_To do_. Output should begin at the line holding "Answer: Victoria 3" and end at the last line of the entries; print those lines verbatim and no others.

--- Supplied material Enclosed Below ---

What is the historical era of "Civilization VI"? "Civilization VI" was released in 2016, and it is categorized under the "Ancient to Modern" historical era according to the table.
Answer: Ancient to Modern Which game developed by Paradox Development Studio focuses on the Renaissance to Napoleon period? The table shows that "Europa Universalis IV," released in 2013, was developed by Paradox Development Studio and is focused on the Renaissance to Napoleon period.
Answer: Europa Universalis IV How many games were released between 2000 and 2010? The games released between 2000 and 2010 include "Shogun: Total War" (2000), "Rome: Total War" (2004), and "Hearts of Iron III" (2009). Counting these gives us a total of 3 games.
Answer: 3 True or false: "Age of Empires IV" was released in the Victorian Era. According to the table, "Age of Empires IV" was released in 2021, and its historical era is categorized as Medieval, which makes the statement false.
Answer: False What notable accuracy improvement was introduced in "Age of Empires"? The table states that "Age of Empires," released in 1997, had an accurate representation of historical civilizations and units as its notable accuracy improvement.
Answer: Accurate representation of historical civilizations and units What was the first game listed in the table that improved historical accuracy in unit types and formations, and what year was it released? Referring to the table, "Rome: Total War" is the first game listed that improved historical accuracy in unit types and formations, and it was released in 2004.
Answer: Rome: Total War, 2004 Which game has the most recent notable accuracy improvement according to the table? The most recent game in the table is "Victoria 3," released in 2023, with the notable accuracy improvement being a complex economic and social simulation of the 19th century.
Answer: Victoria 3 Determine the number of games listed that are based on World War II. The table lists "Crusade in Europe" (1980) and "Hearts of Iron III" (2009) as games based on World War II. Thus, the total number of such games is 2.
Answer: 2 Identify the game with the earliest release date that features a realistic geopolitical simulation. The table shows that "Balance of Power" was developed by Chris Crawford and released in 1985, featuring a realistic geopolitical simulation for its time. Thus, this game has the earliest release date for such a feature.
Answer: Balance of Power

--- End of Enclosed Supplied material ---

_Response area_.
Answer: Victoria 3 Determine the number of games listed that are based on World War II. The table lists "Crusade in Europe" (1980) and "Hearts of Iron III" (2009) as games based on World War II. Thus, the total number of such games is 2.
Answer: 2 Identify the game with the earliest release date that features a realistic geopolitical simulation. The table shows that "Balance of Power" was developed by Chris Crawford and released in 1985, featuring a realistic geopolitical simulation for its time. Thus, this game has the earliest release date for such a feature.
Answer: Balance of Power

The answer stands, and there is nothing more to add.